We also publish (and will continue to) the support schedule for our major releases, so that the users can be prepared and plan migration to new major releases in advance. As with all software we sometimes will implement backwards-incompatible changes which will cause our users to spend more time on migrations. Those old releases will stop receiving security fixes at some date and the best you can do as a user is to migrate to the supported version before the date!
Which leads to the last and most important point in this article. If you are a diligent reader and look at the announcement I mentioned above for CVE-2021-29621, you will see that the fix for that is only released for Airflow 2 series. Why? Because Airflow 1.10 just reached its end-of-life on June 17th 2021. When we released Airflow 2, half a year ago, we agreed in the community that we will only support Airflow 1.10 with critical/security fixes for 6 months. And we did - for example the CVE-2020-17526 has been addressed in the Airflow 1.10.14.

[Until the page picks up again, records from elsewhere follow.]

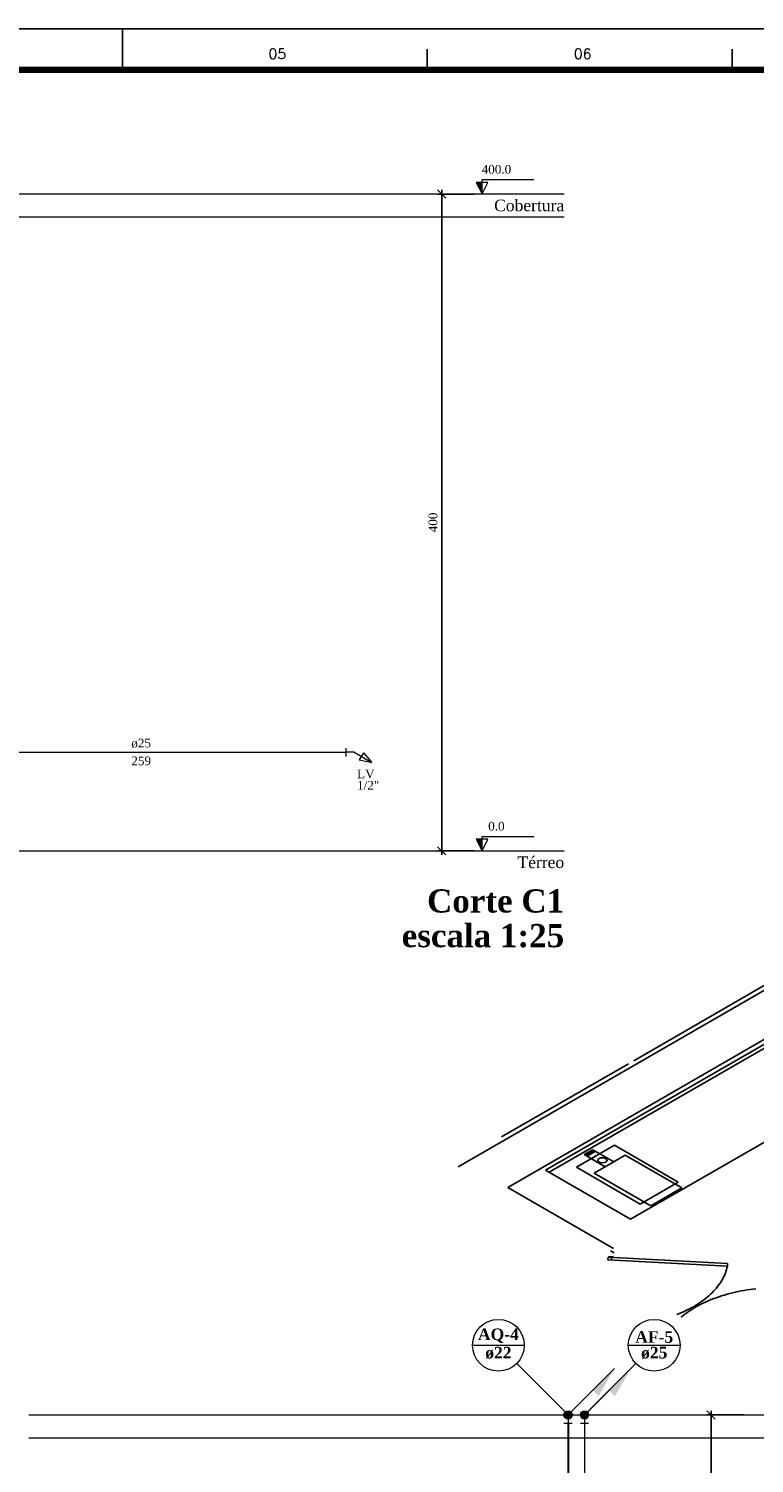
# Model space of a CAD drawing. Header units: millimetres. Extents: x 335 to 91625, y -1 to 84.
# Tile 8 of 38: x 363 to 380, y 49 to 84. Entities that reach past the tile are written whole.
import ezdxf

# ---------------------------------------------------------------- set-up
doc = ezdxf.new("R2010")
doc.units = ezdxf.units.MM
doc.header["$MEASUREMENT"] = 0
for name, color, linetype, lineweight in [('AF-Colunas', 7, 'Continuous', 20), ('AF-Conexões detalhe', 7, 'Continuous', 20), ('AF-Indicação coluna', 5, 'Continuous', 20), ('AF-Textos coluna', 7, 'Continuous', 20), ('AF-Textos conexão', 7, 'Continuous', 20), ('AF-Textos tubo', 7, 'Continuous', 20), ('AF-Tubos detalhe', 5, 'Continuous', 20), ('AQ-Colunas', 7, 'Continuous', 20), ('AQ-Indicação coluna', 5, 'Continuous', 20), ('AQ-Textos coluna', 7, 'Continuous', 20), ('AQ-Tubos detalhe', 1, 'Continuous', 30), ('DI-Cotas', 7, 'Continuous', 20), ('DI-Eixos', 7, 'Continuous', 20), ('DI-Níveis', 7, 'Continuous', 20), ('DI-Textos', 7, 'Continuous', 20), ('DI-Títulos', 3, 'Continuous', 30)]:
    doc.layers.add(name, color=color, linetype=linetype, lineweight=lineweight)
doc.layers.add('Margem', color=4, linetype='Continuous')
doc.styles.add('ROMANS', font='ROMANS')
doc.styles.add('TimesNewRoman', font='times.ttf')
doc.styles.add('TimesNewRomanN', font='timesbd.ttf')
doc.dimstyles.new('UM_25.000000', dxfattribs={"dimtxt": 0.18, "dimasz": 0.2, "dimexe": 0.1, "dimexo": 0.2, "dimgap": 0, "dimtad": 1, "dimtih": 1, "dimtoh": 1, "dimdec": 1, "dimlfac": 25, "dimzin": 0, "dimdsep": 46, "dimtxsty": 'Standard', "dimblk": 'CLOSED', "dimblk1": 'CLOSED', "dimblk2": 'CLOSED', "dimcen": 0.09, "dimdle": 0.1, "dimadec": 1, "dimazin": 2, "dimtfac": 1, "dimtdec": 4, "dimtofl": 0, "dimtmove": 0, "dimatfit": 3, "dimldrblk": 'CLOSED', "dimfxl": 0, "dimtolj": 1, "dimarcsym": 0})

# ---------------------------------------------------------------- blocks, each defined once
blk = doc.blocks.new('_OBLIQUE')
at = {"color": 0, "linetype": 'ByBlock', "lineweight": -2}
blk.add_line((-0.5, -0.5), (0.5, 0.5), dxfattribs=at)
blk = doc.blocks.new('*D3')
at = {"layer": 'Defpoints', "color": 0}
for p in [(372.81, 79.56), (373.81, 79.56), (373.81, 63.56)]:
    blk.add_point(p, dxfattribs=at)
at = {"layer": 'DI-Cotas', "color": 0, "linetype": 'Continuous', "lineweight": -2}
for p, q in [((373.61, 79.56), (372.71, 79.56)), ((372.81, 63.46), (372.81, 79.66)), ((373.61, 63.56), (372.71, 63.56))]:
    blk.add_line(p, q, dxfattribs=at)
at = {"layer": 'DI-Cotas', "color": 0, "lineweight": -2, "xscale": 0.2, "yscale": 0.2, "zscale": 0.2}
for p, rotation in [((372.81, 79.56), 90), ((372.81, 63.56), 270)]:
    blk.add_blockref('_OBLIQUE', p, dxfattribs=dict(at, rotation=rotation))
at = {"layer": 'DI-Cotas', "color": 7, "insert": (372.598, 71.56), "char_height": 0.2118, "attachment_point": 5, "rotation": 90, "style": 'TimesNewRoman'}
blk.add_mtext('\\A1;400', dxfattribs=at)
blk = doc.blocks.new('*D18')
at = {"layer": 'Defpoints', "color": 0}
for p in [(379.368, 49.82), (380.368, 49.82), (380.368, 33.82)]:
    blk.add_point(p, dxfattribs=at)
at = {"layer": 'DI-Cotas', "color": 0, "linetype": 'Continuous', "lineweight": -2}
for p, q in [((380.168, 49.82), (379.268, 49.82)), ((379.368, 33.72), (379.368, 49.92)), ((380.168, 33.82), (379.268, 33.82))]:
    blk.add_line(p, q, dxfattribs=at)
at = {"layer": 'DI-Cotas', "color": 0, "lineweight": -2, "xscale": 0.2, "yscale": 0.2, "zscale": 0.2}
for p, rotation in [((379.368, 49.82), 90), ((379.368, 33.82), 270)]:
    blk.add_blockref('_OBLIQUE', p, dxfattribs=dict(at, rotation=rotation))
at = {"layer": 'DI-Cotas', "color": 7, "insert": (379.157, 41.82), "char_height": 0.2118, "attachment_point": 5, "rotation": 90, "style": 'TimesNewRoman'}
blk.add_mtext('\\A1;400', dxfattribs=at)

msp = doc.modelspace()

# ---------------------------------------------------------------- hatches: boundary and pattern name
at = {"layer": 'AF-Colunas', "linetype": 'Continuous'}
msp.add_hatch(color=256, dxfattribs=at).paths.add_polyline_path([(376.8883, 50.4207), (377.0297, 50.2793), (377.4187, 50.9511), (376.8883, 50.4207)])
at = {"layer": 'AQ-Colunas', "linetype": 'Continuous'}
msp.add_hatch(color=256, dxfattribs=at).paths.add_polyline_path([(376.4883, 50.4207), (376.6297, 50.2793), (377.0187, 50.9511), (376.4883, 50.4207)])
at = {"layer": 'DI-Níveis', "linetype": 'Continuous'}
for points in [[(373.7928, 79.5604), (373.7928, 79.8404), (373.6528, 79.8404), (373.7928, 79.5604)], [(373.7928, 63.5604), (373.7928, 63.8404), (373.6528, 63.8404), (373.7928, 63.5604)]]:
    msp.add_hatch(color=256, dxfattribs=at).paths.add_polyline_path(points)

# ---------------------------------------------------------------- linework, layer by layer
at = {"color": 7}
for p, q in [((386.8252, 63.7201), (373.2112, 55.8601)), ((374.4172, 55.3621), (388.3762, 63.4221)), ((375.3412, 55.7791), (388.3712, 63.3021)), ((375.4272, 55.7301), (388.3582, 63.1951)), ((390.4392, 62.1081), (377.4102, 54.5851)), ((381.6212, 60.8361), (377.4852, 58.4481)), ((377.3582, 58.3741), (374.2682, 56.5911)), ((376.0902, 55.8541), (377.0182, 56.3901)), ((376.2822, 56.1601), (376.4902, 56.2801)), ((376.4902, 56.2801), (377.0022, 55.9851)), ((377.0182, 56.3901), (378.5712, 55.4931)), ((376.7942, 55.8651), (376.2822, 56.1601)), ((376.3142, 56.1421), (376.5212, 56.2621)), ((376.3502, 56.1211), (376.5582, 56.2411)), ((376.5192, 55.7061), (377.2772, 56.1441)), ((377.2772, 56.1441), (378.6572, 55.3471)), ((375.3412, 55.7791), (377.4102, 54.5851)), ((377.6442, 54.9571), (376.0902, 55.8541)), ((377.8982, 54.9091), (376.5192, 55.7061)), ((376.9942, 53.8741), (374.4172, 55.3621)), ((378.5712, 55.4931), (377.6442, 54.9571)), ((378.6572, 55.3471), (377.8982, 54.9091)), ((377.0122, 53.7651), (376.9242, 53.8161))]:
    msp.add_line(p, q, dxfattribs=at)
at = {"color": 7, "linetype": 'Continuous'}
msp.add_line((376.9832, 53.6701), (376.8742, 53.6671), dxfattribs=at)
at = {"color": 7}
for points in [[(376.8042, 55.9761), (376.8372, 56.0171), (376.8172, 56.0601), (376.7532, 56.0851), (376.6762, 56.0811), (376.6222, 56.0501), (376.6152, 56.0051), (376.6592, 55.9691), (376.7342, 55.9571), (376.8042, 55.9761)], [(376.9662, 53.6061), (376.9342, 53.6241), (376.9662, 53.6061)]]:
    msp.add_lwpolyline(points, dxfattribs=at)
at = {"color": 7, "linetype": 'Continuous'}
msp.add_lwpolyline([(379.7712, 53.5101), (379.7662, 53.4441), (376.8562, 53.5971), (376.8642, 53.6611), (379.7712, 53.5101)], close=True, dxfattribs=at)
for points in [[(378.5352, 52.2651), (378.5962, 52.2891), (378.6562, 52.3151), (378.7152, 52.3411), (378.7722, 52.3691), (378.8292, 52.3971), (378.8842, 52.4261), (378.9372, 52.4561), (378.9892, 52.4861), (379.0402, 52.5181), (379.0902, 52.5501), (379.1382, 52.5831), (379.1842, 52.6161), (379.2292, 52.6511), (379.2722, 52.6861), (379.3142, 52.7211), (379.3542, 52.7581), (379.3922, 52.7941), (379.4292, 52.8321), (379.4642, 52.8701), (379.4982, 52.9081), (379.5292, 52.9471), (379.5592, 52.9861), (379.5872, 53.0261), (379.6132, 53.0661), (379.6382, 53.1071), (379.6602, 53.1481), (379.6812, 53.1891), (379.7002, 53.2311), (379.7172, 53.2731), (379.7322, 53.3151), (379.7452, 53.3571), (379.7562, 53.4001), (379.7662, 53.4421)], [(380.4622, 52.8931), (380.3892, 52.8851), (380.3172, 52.8751), (380.2452, 52.8641), (380.1732, 52.8521), (380.1022, 52.8391), (380.0322, 52.8251), (379.9622, 52.8101), (379.8932, 52.7941), (379.8252, 52.7761), (379.7572, 52.7581), (379.6912, 52.7391), (379.6252, 52.7191), (379.5602, 52.6971), (379.4972, 52.6751), (379.4342, 52.6521), (379.3722, 52.6281), (379.3122, 52.6031), (379.2522, 52.5771), (379.1942, 52.5501), (379.1372, 52.5221), (379.0812, 52.4941), (379.0272, 52.4651), (378.9742, 52.4341), (378.9222, 52.4041), (378.8722, 52.3721), (378.8232, 52.3391), (378.7762, 52.3061), (378.7302, 52.2721), (378.6862, 52.2381), (378.6432, 52.2021)]]:
    msp.add_lwpolyline(points, dxfattribs=at)
at = {"layer": 'AF-Colunas', "linetype": 'Continuous'}
for p, q in [((376.358, 49.8904), (377.4187, 50.9511)), ((376.2873, 49.8197), (376.2873, 49.6197)), ((376.1873, 49.6197), (376.3873, 49.6197))]:
    msp.add_line(p, q, dxfattribs=at)
at = {"layer": 'AF-Colunas', "linetype": 'Continuous', "const_width": 0.1}
msp.add_lwpolyline([(376.3373, 49.8197, 1), (376.2373, 49.8197, 1)], format="xyb", close=True, dxfattribs=at)
at = {"layer": 'AF-Colunas', "linetype": 'Continuous'}
msp.add_circle((376.2873, 49.8197), 0.1, dxfattribs=at)
at = {"layer": 'AF-Conexões detalhe', "linetype": 'Continuous'}
for p, q in [((370.4801, 66.0604), (370.4801, 65.8604)), ((370.6801, 65.9604), (370.4801, 65.9604)), ((370.6801, 65.9604), (371.1131, 65.7104)), ((370.9033, 65.947), (370.8033, 65.7738)), ((370.8033, 65.7738), (371.1131, 65.7104)), ((370.9033, 65.947), (371.1131, 65.7104))]:
    msp.add_line(p, q, dxfattribs=at)
at = {"layer": 'AF-Indicação coluna'}
for p, q in [((377.3543, 51.5168), (378.6143, 51.5168)), ((376.2873, 49.8197), (377.5389, 51.0713))]:
    msp.add_line(p, q, dxfattribs=at)
msp.add_circle((377.9843, 51.5168), 0.63, dxfattribs=at)
at = {"layer": 'AF-Tubos detalhe'}
for p, q in [((360.5055, 65.9604), (370.4801, 65.9604)), ((376.2873, 49.6197), (376.2873, 42.1027))]:
    msp.add_line(p, q, dxfattribs=at)
at = {"layer": 'AQ-Colunas', "linetype": 'Continuous'}
for p, q in [((375.958, 49.8904), (377.0187, 50.9511)), ((375.8873, 49.8197), (375.8873, 49.6197)), ((375.7873, 49.6197), (375.9873, 49.6197))]:
    msp.add_line(p, q, dxfattribs=at)
at = {"layer": 'AQ-Colunas', "linetype": 'Continuous', "const_width": 0.1}
msp.add_lwpolyline([(375.9373, 49.8197, 1), (375.8373, 49.8197, 1)], format="xyb", close=True, dxfattribs=at)
at = {"layer": 'AQ-Colunas', "linetype": 'Continuous'}
msp.add_circle((375.8873, 49.8197), 0.1, dxfattribs=at)
at = {"layer": 'AQ-Indicação coluna'}
for p, q in [((373.5602, 51.5168), (374.8202, 51.5168)), ((375.8873, 49.8197), (374.6357, 51.0713))]:
    msp.add_line(p, q, dxfattribs=at)
msp.add_circle((374.1902, 51.5168), 0.63, dxfattribs=at)
at = {"layer": 'AQ-Tubos detalhe'}
msp.add_line((375.8873, 49.6197), (375.8873, 42.1027), dxfattribs=at)
at = {"layer": 'DI-Eixos'}
for p, q in [((358.4569, 79.5604), (375.7928, 79.5604)), ((358.4569, 79.0004), (375.7928, 79.0004)), ((358.4569, 63.5604), (375.7928, 63.5604)), ((362.7589, 49.8197), (382.6143, 49.8197)), ((362.7589, 49.2597), (382.6143, 49.2597))]:
    msp.add_line(p, q, dxfattribs=at)
at = {"layer": 'DI-Níveis', "linetype": 'Continuous'}
for points in [[(373.7928, 79.5604), (373.9328, 79.8404), (373.6528, 79.8404), (373.7928, 79.5604), (373.7928, 79.9104), (375.0528, 79.9104)], [(373.7928, 63.5604), (373.9328, 63.8404), (373.6528, 63.8404), (373.7928, 63.5604), (373.7928, 63.9104), (375.0528, 63.9104)]]:
    msp.add_lwpolyline(points, dxfattribs=at)
at = {"layer": 'Margem', "color": 1}
for p, q in [((482.8344, 83.5869), (335.3344, 83.5869)), ((365.0344, 83.5869), (365.0344, 82.5869)), ((372.4594, 83.0869), (372.4594, 82.5869)), ((379.8844, 83.0869), (379.8844, 82.5869))]:
    msp.add_line(p, q, dxfattribs=at)
at = {"layer": 'Margem', "lineweight": 100}
msp.add_line((337.8344, 82.5869), (481.8344, 82.5869), dxfattribs=at)

# ---------------------------------------------------------------- texts
at = {"layer": 'AF-Textos coluna', "char_height": 0.2824, "attachment_point": 8, "line_spacing_factor": 0.798, "style": 'TimesNewRomanN'}
for s, insert, width in [('AF-5', (377.9844, 51.5729), 1.35552), ('ø25', (377.9844, 51.1779), 1.01664)]:
    msp.add_mtext(s, dxfattribs=dict(at, insert=insert, width=width))
at = {"layer": 'AF-Textos conexão', "char_height": 0.2118, "attachment_point": 7, "line_spacing_factor": 0.798, "style": 'TimesNewRoman'}
for s, insert, width in [('LV', (370.7506, 65.3243), 0.772842), ('1/2"', (370.7506, 65.0473), 0.98233)]:
    msp.add_mtext(s, dxfattribs=dict(at, insert=insert, width=width))
at = {"layer": 'AF-Textos tubo', "insert": (365.4926, 66.0663), "char_height": 0.2118, "width": 0.874755, "attachment_point": 8, "line_spacing_factor": 0.798, "style": 'TimesNewRoman'}
msp.add_mtext('ø25', dxfattribs=at)
at = {"layer": 'AQ-Textos coluna', "char_height": 0.2824, "attachment_point": 8, "line_spacing_factor": 0.798, "style": 'TimesNewRomanN'}
for s, insert, width in [('AQ-4', (374.1904, 51.5729), 1.35552), ('ø22', (374.1904, 51.1779), 1.01664)]:
    msp.add_mtext(s, dxfattribs=dict(at, insert=insert, width=width))
at = {"layer": 'DI-Eixos', "char_height": 0.2824, "attachment_point": 9, "line_spacing_factor": 0.798, "style": 'TimesNewRoman'}
for s, insert, width in [('Cobertura', (375.7926, 79.1366), 3.098917), ('Térreo', (375.7926, 63.1366), 2.060912)]:
    msp.add_mtext(s, dxfattribs=dict(at, insert=insert, width=width))
at = {"layer": 'DI-Níveis', "char_height": 0.2118, "attachment_point": 8, "line_spacing_factor": 0.798, "style": 'TimesNewRoman'}
for s, insert, width in [('400.0', (374.1426, 80.0513), 1.310717), ('0.0', (374.1426, 64.0513), 0.727547)]:
    msp.add_mtext(s, dxfattribs=dict(at, insert=insert, width=width))
at = {"layer": 'DI-Textos', "insert": (365.4926, 65.6423), "char_height": 0.2118, "width": 0.874755, "attachment_point": 8, "line_spacing_factor": 0.798, "style": 'TimesNewRoman'}
msp.add_mtext('259', dxfattribs=at)
at = {"layer": 'DI-Títulos', "color": 5, "insert": (375.7926, 62.0488), "char_height": 0.5648, "width": 6.251385, "attachment_point": 9, "line_spacing_factor": 0.798, "style": 'TimesNewRomanN'}
msp.add_mtext('Corte C1', dxfattribs=at)
at = {"layer": 'DI-Títulos', "insert": (375.7926, 61.2008), "char_height": 0.5648, "width": 7.419141, "attachment_point": 9, "line_spacing_factor": 0.798, "style": 'TimesNewRomanN'}
msp.add_mtext('escala 1:25', dxfattribs=at)
at = {"layer": 'Margem', "color": 1, "char_height": 0.25, "width": 1.479069, "attachment_point": 8, "line_spacing_factor": 0.798, "style": 'ROMANS'}
for s, insert in [('05', (368.8083, 82.8499)), ('06', (376.2425, 82.8499))]:
    msp.add_mtext(s, dxfattribs=dict(at, insert=insert))

# ---------------------------------------------------------------- dimensions: what is measured, and where the dimension line sits
at = {"layer": 'DI-Cotas', "linetype": 'Continuous'}
for base, p1, p2, picture, middle in [((372.8096, 79.5604), (373.8096, 63.5604), (373.8096, 79.5604), '*D3', (372.5978, 71.5604)), ((379.3683, 49.8197), (380.3683, 33.8197), (380.3683, 49.8197), '*D18', (379.1565, 41.8197))]:
    dim = msp.add_linear_dim(base=base, p1=p1, p2=p2, angle=90, dimstyle='UM_25.000000', override={"dimtxt": 0.2118, "dimasz": 0.2, "dimexe": 0.1, "dimexo": 0.2, "dimtad": 1, "dimtih": 0, "dimtoh": 0, "dimdec": 1, "dimlfac": 25, "dimzin": 8, "dimtxsty": 'TimesNewRoman', "dimblk": 'OBLIQUE', "dimblk1": 'OBLIQUE', "dimblk2": 'OBLIQUE', "dimsah": 1, "dimdle": 0.1, "dimse1": 0, "dimse2": 0, "dimclrt": 7, "dimadec": 1, "dimazin": 3, "dimtmove": 2, "dimldrblk": 'OBLIQUE'}, dxfattribs=at)
    dim.commit()
    dim.dimension.update_dxf_attribs({"geometry": picture, "text_midpoint": middle, "dimtype": 160, "text_rotation": 90})

doc.saveas('drawing.dxf')

But this time is over now. This is the first security vulnerability that we addressed only for Airflow 2. If you are still using Airflow 1.10 - you are on your own now. You are no longer protected by the security process of the ASF, the security team of ASF and airflow PMC. What’s even more - security researchers who raise the issues, even if they find it, might not be eager to responsibly disclose it, knowing also that the issue will not be fixed anyway. When you read about the next ransomware attack and millions of dollars paid, think if you would like one day your company to face this kind of dilemma. Even if it costs time and money to keep your software updated, preventing this kind of problem is far cheaper than dealing with the consequences of such an attack.
Upgrade NOW! to the latest release of Airflow 2 and keep on doing it for the future releases!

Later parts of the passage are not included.